===== Extracted records

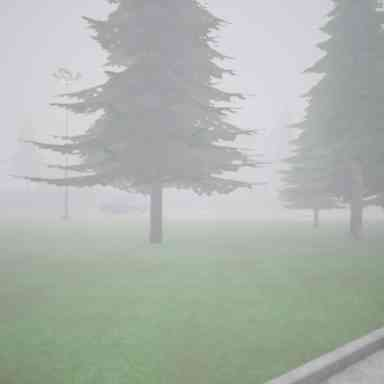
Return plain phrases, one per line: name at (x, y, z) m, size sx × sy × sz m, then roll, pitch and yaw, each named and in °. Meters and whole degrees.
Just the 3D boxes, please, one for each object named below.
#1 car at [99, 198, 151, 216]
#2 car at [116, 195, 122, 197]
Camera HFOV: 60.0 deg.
car at (-7.020, 1.628, 34.535) m, size 5.008 × 1.535 × 1.882 m, roll 0°, pitch 0°, yaw 2°
car at (-7.004, 1.398, 41.545) m, size 5.566 × 2.045 × 2.150 m, roll 0°, pitch 0°, yaw 2°
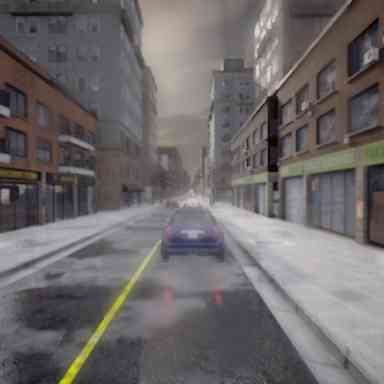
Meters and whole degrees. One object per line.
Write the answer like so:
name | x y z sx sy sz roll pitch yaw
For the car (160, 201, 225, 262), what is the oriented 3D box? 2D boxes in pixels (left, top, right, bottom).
car | 0.045 1.391 12.517 2.097 1.767 4.553 0 0 1

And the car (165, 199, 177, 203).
car | -3.043 1.743 51.023 1.895 1.301 4.718 0 0 1
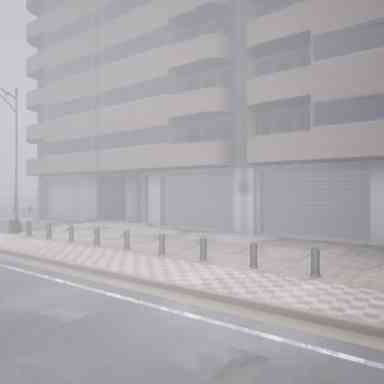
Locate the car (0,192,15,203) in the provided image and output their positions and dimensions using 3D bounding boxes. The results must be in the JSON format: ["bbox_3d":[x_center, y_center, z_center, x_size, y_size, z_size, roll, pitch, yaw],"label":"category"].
[{"bbox_3d":[-46.355,1.207,80.825,1.932,1.855,4.605,0,0,35],"label":"car"}]

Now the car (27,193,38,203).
[{"bbox_3d":[-32.493,1.449,71.162,1.970,1.475,3.806,0,0,35],"label":"car"}]
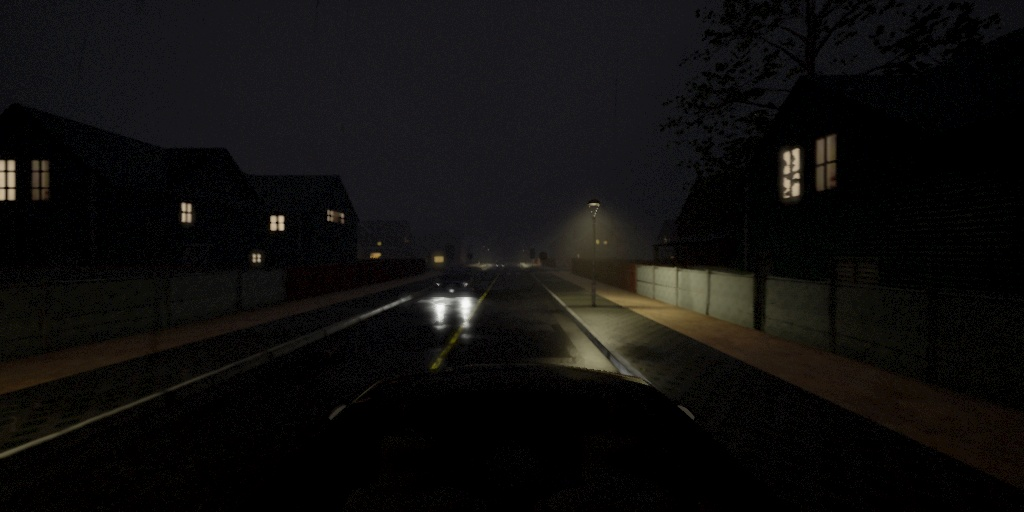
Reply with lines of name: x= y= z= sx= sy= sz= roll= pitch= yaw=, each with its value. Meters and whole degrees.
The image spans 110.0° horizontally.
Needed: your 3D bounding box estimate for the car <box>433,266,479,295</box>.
car: x=-2.844 y=1.255 z=19.565 sx=2.033 sy=1.411 sz=5.357 roll=0 pitch=0 yaw=0
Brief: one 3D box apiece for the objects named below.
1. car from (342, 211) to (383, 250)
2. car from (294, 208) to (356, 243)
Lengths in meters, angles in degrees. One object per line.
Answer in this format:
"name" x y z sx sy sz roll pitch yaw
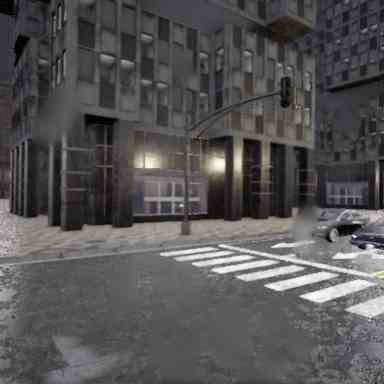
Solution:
"car" 8.816 1.652 13.964 5.357 1.411 2.033 0 0 -36
"car" 7.176 1.595 16.793 4.902 1.511 2.128 0 0 -36
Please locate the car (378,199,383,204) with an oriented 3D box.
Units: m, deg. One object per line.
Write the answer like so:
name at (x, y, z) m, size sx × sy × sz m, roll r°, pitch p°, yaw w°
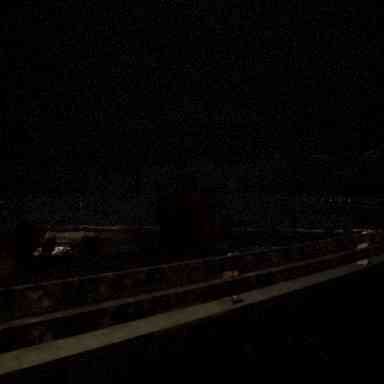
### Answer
car at (43.336, 2.189, 74.165) m, size 1.882 × 1.535 × 5.008 m, roll 0°, pitch 0°, yaw 4°
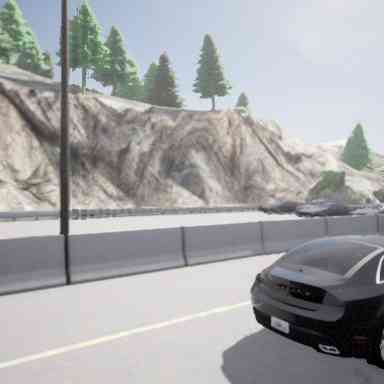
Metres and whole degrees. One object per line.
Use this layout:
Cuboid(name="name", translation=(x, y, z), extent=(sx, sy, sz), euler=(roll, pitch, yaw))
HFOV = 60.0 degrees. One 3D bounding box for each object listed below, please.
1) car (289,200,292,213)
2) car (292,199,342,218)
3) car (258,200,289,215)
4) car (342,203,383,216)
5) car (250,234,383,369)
Cuboid(name="car", translation=(11.707, 1.459, 30.570), extent=(4.892, 1.490, 1.837), euler=(0, 0, -25))
Cuboid(name="car", translation=(10.849, 1.509, 26.328), extent=(5.357, 1.411, 2.033), euler=(0, 0, -26))
Cuboid(name="car", translation=(9.204, 1.494, 33.300), extent=(5.357, 1.411, 2.033), euler=(0, 0, -26))
Cuboid(name="car", translation=(13.623, 1.517, 23.789), extent=(5.357, 1.411, 2.033), euler=(0, 0, -26))
Cuboid(name="car", translation=(3.193, 1.497, 5.704), extent=(4.892, 1.490, 1.837), euler=(0, 0, -33))
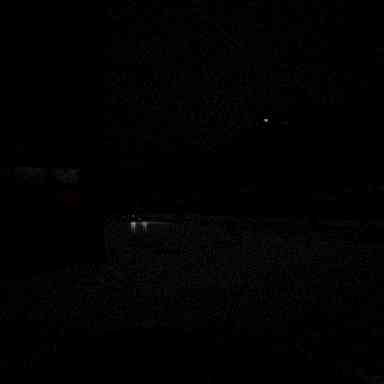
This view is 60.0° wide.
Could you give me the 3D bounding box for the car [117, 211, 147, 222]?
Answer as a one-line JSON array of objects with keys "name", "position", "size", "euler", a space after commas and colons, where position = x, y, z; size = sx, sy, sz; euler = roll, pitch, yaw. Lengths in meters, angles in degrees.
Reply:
[{"name": "car", "position": [-7.194, 2.849, 39.530], "size": [1.895, 1.301, 4.718], "euler": [0, -2, -35]}]
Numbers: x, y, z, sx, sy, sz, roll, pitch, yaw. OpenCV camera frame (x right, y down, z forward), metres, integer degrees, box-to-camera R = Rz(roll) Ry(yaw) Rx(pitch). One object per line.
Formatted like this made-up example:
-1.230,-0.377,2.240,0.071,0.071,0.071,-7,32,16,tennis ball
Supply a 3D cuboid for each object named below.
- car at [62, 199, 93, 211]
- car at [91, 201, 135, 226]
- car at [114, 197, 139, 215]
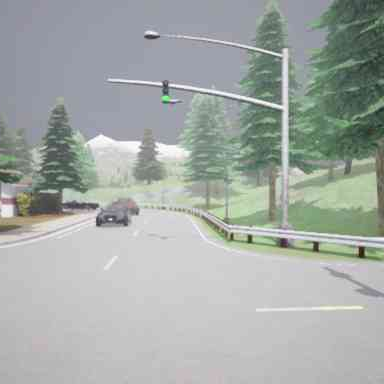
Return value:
-13.535,1.530,39.831,4.718,1.301,1.895,0,0,11,car
-5.249,1.520,22.700,1.994,1.385,4.181,0,0,-5,car
-6.578,1.291,32.435,2.097,1.767,4.553,0,0,-22,car
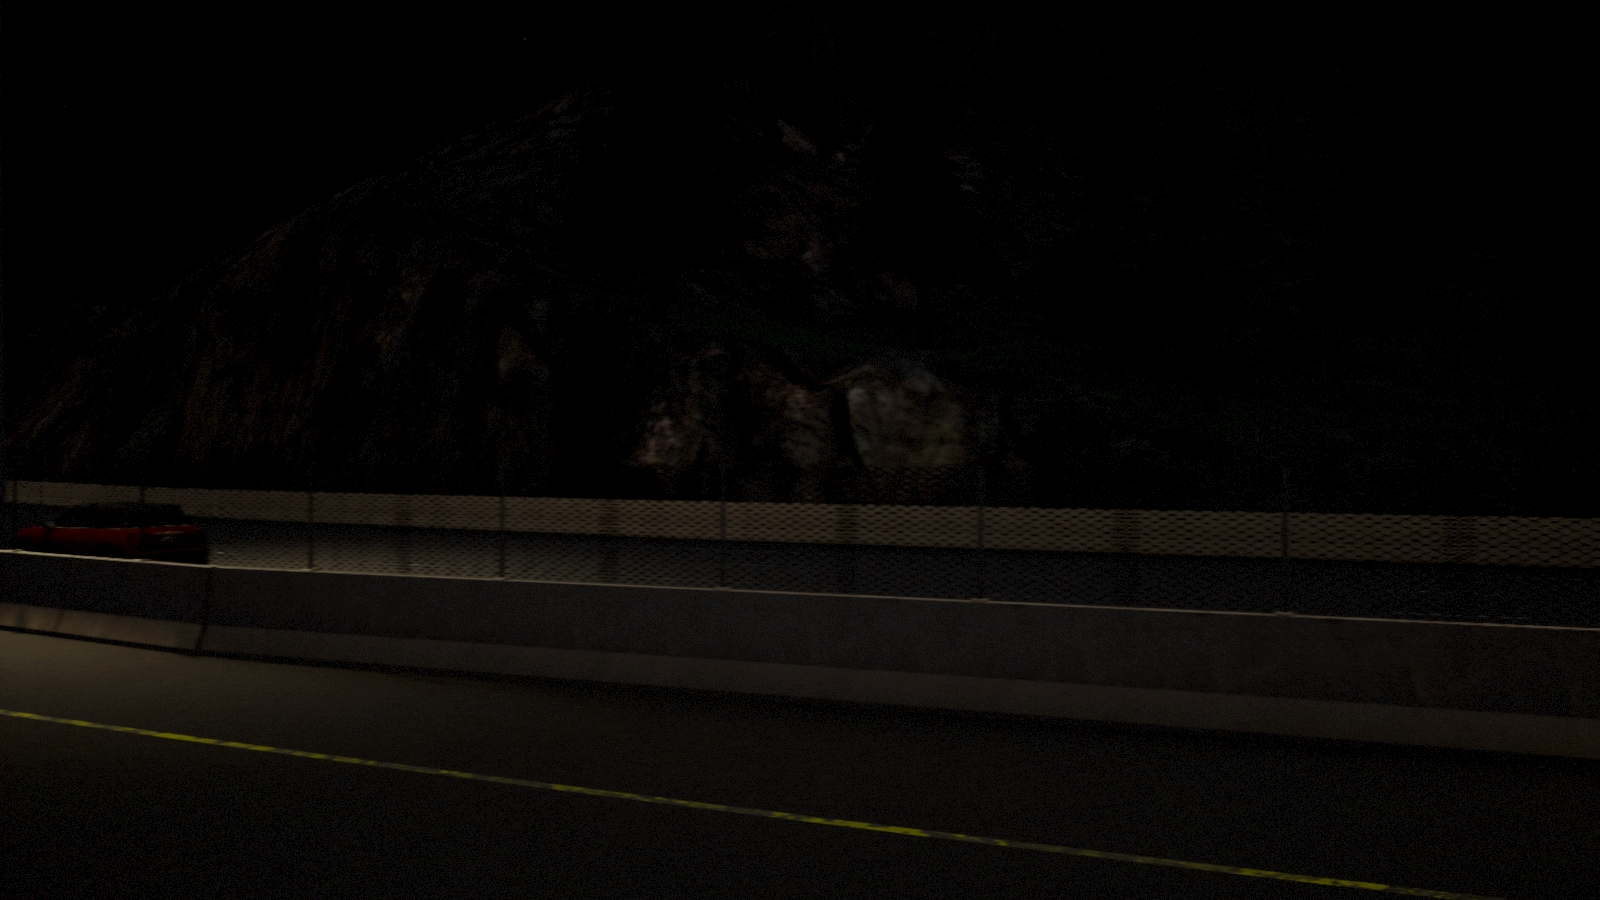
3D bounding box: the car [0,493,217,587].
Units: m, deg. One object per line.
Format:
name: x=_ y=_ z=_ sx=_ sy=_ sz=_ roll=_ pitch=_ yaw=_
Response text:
car: x=-15.397 y=1.919 z=25.338 sx=4.553 sy=1.767 sz=2.097 roll=0 pitch=0 yaw=27
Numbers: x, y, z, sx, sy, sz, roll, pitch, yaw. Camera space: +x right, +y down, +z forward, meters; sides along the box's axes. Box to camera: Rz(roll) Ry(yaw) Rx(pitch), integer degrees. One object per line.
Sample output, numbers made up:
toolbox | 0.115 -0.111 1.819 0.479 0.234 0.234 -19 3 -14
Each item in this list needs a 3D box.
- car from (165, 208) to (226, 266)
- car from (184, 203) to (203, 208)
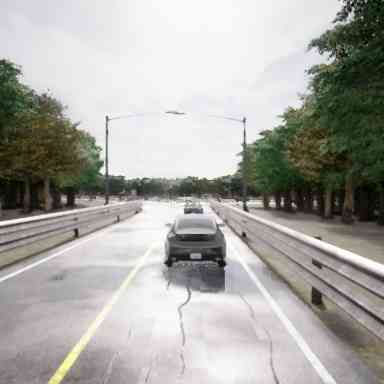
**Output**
car | 0.108 1.519 11.588 1.837 1.490 4.892 0 0 0
car | 0.142 1.725 33.921 1.895 1.301 4.718 1 0 0
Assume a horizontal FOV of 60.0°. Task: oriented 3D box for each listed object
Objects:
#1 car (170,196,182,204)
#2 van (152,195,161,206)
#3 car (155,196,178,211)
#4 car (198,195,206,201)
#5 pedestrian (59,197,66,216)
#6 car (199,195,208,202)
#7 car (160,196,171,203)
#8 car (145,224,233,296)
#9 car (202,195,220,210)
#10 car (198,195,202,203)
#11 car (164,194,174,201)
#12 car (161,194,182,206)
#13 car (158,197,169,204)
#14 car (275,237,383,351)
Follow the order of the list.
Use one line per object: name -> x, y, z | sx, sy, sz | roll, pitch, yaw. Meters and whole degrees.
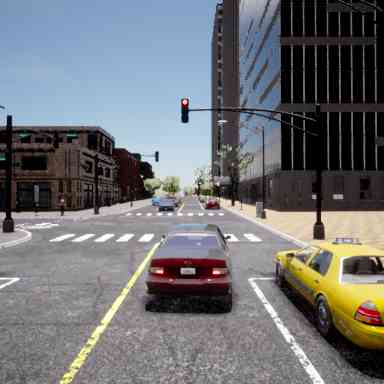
car -> -3.065, 1.514, 63.972 | 2.128, 1.511, 4.902 | 0, 0, 0
van -> -5.687, 1.362, 55.237 | 1.690, 1.788, 3.998 | 1, 0, 0
car -> -3.132, 1.562, 41.139 | 2.033, 1.411, 5.357 | 0, 0, -3
car -> 2.683, 1.580, 88.434 | 1.887, 1.381, 4.507 | 1, 0, 0
pedestrian -> -12.551, 1.369, 32.147 | 0.375, 1.860, 0.375 | 0, 0, 1
car -> 2.686, 1.556, 77.534 | 1.752, 1.417, 4.829 | 1, 0, 0
car -> -5.694, 1.594, 71.840 | 1.947, 1.339, 4.313 | 1, 0, 0
car -> 0.074, 1.550, 8.828 | 2.033, 1.411, 5.357 | 0, 0, 3
car -> 2.694, 1.456, 44.155 | 1.967, 1.590, 4.097 | 1, 0, 0
car -> 2.687, 1.553, 72.000 | 1.752, 1.417, 4.829 | 1, 0, 0
car -> -5.692, 1.348, 82.909 | 2.192, 1.841, 5.009 | 1, 0, 0
car -> -3.105, 1.371, 51.037 | 2.097, 1.767, 4.553 | 0, 0, 0
car -> -5.693, 1.607, 66.306 | 1.802, 1.307, 4.206 | 1, 0, 0
car -> 2.837, 1.527, 6.377 | 1.752, 1.417, 4.829 | 1, 0, 0
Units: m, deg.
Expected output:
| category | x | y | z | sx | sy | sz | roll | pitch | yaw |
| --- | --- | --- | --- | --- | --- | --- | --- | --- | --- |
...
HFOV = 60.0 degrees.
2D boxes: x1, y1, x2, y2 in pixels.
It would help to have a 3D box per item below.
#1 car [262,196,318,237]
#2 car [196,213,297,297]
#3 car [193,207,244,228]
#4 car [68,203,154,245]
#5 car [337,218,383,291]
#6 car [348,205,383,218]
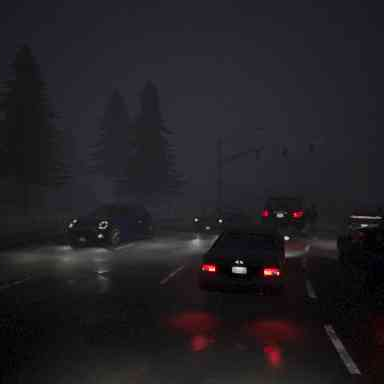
| category | x | y | z | sx | sy | sz | roll | pitch | yaw |
| --- | --- | --- | --- | --- | --- | --- | --- | --- | --- |
| car | 5.488 | 1.221 | 18.264 | 2.150 | 2.045 | 5.566 | 0 | 0 | 28 |
| car | 1.548 | 1.547 | 8.817 | 2.033 | 1.411 | 5.357 | 0 | 0 | 15 |
| car | 1.907 | 1.600 | 19.604 | 1.895 | 1.301 | 4.718 | 0 | 0 | 29 |
| car | -3.656 | 1.350 | 15.684 | 2.097 | 1.767 | 4.553 | 0 | 0 | 22 |
| car | 5.151 | 1.601 | 8.754 | 1.895 | 1.301 | 4.718 | 0 | 0 | 14 |
| car | 10.099 | 1.491 | 18.746 | 2.128 | 1.511 | 4.902 | 0 | 0 | 35 |
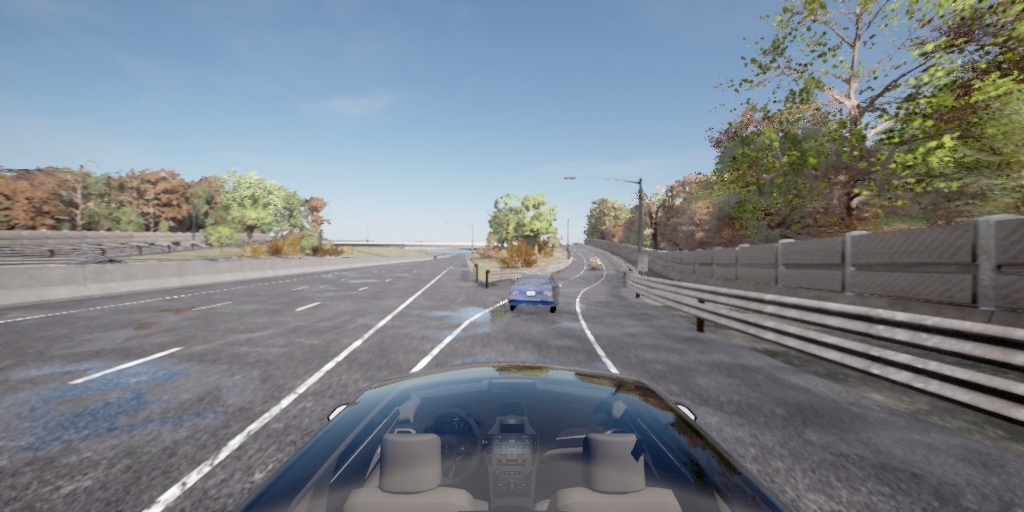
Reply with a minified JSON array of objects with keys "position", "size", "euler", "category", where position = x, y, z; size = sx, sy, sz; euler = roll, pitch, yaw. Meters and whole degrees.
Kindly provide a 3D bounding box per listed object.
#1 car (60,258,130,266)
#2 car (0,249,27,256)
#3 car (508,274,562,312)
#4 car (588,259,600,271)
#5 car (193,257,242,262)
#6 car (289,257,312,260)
[{"position":[-32.600,0.910,28.000],"size":[1.837,1.490,4.892],"euler":[1,0,-7],"category":"car"},{"position":[-52.504,-0.035,36.922],"size":[1.994,1.385,4.181],"euler":[0,2,-29],"category":"car"},{"position":[1.088,1.493,15.307],"size":[2.033,1.411,5.357],"euler":[1,-2,9],"category":"car"},{"position":[14.104,1.746,61.406],"size":[2.033,1.411,5.357],"euler":[1,2,13],"category":"car"},{"position":[-25.857,0.963,30.448],"size":[2.128,1.511,4.902],"euler":[1,0,-7],"category":"car"},{"position":[-28.258,1.011,49.317],"size":[1.994,1.385,4.181],"euler":[1,0,-7],"category":"car"}]
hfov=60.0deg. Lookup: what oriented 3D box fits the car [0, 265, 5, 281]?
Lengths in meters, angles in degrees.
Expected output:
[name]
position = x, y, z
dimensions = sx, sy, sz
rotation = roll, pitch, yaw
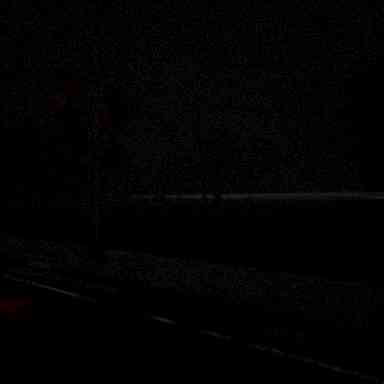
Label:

==========

■ **Exercise prompt**
Exactly reproduce the lines above, starting at the one that contains "euler=(roll, pitch, yaw))" and ending at the one that contains "Could you give", both inclusive; leave the pictures out and add no other lines.

■ **Task result**
Cuboid(name="name", translation=(x, y, z), extent=(sx, sy, sz), euler=(roll, pitch, yaw))
HFOV = 60.0 degrees. One 3D bounding box for each object listed below, please.
1) car (289,200,292,213)
2) car (292,199,342,218)
3) car (258,200,289,215)
4) car (342,203,383,216)
5) car (250,234,383,369)
Cuboid(name="car", translation=(11.707, 1.459, 30.570), extent=(4.892, 1.490, 1.837), euler=(0, 0, -25))
Cuboid(name="car", translation=(10.849, 1.509, 26.328), extent=(5.357, 1.411, 2.033), euler=(0, 0, -26))
Cuboid(name="car", translation=(9.204, 1.494, 33.300), extent=(5.357, 1.411, 2.033), euler=(0, 0, -26))
Cuboid(name="car", translation=(13.623, 1.517, 23.789), extent=(5.357, 1.411, 2.033), euler=(0, 0, -26))
Cuboid(name="car", translation=(3.193, 1.497, 5.704), extent=(4.892, 1.490, 1.837), euler=(0, 0, -33))
This view is 60.0° wide.
Could you give me the 3D bounding box for the car [117, 211, 147, 222]?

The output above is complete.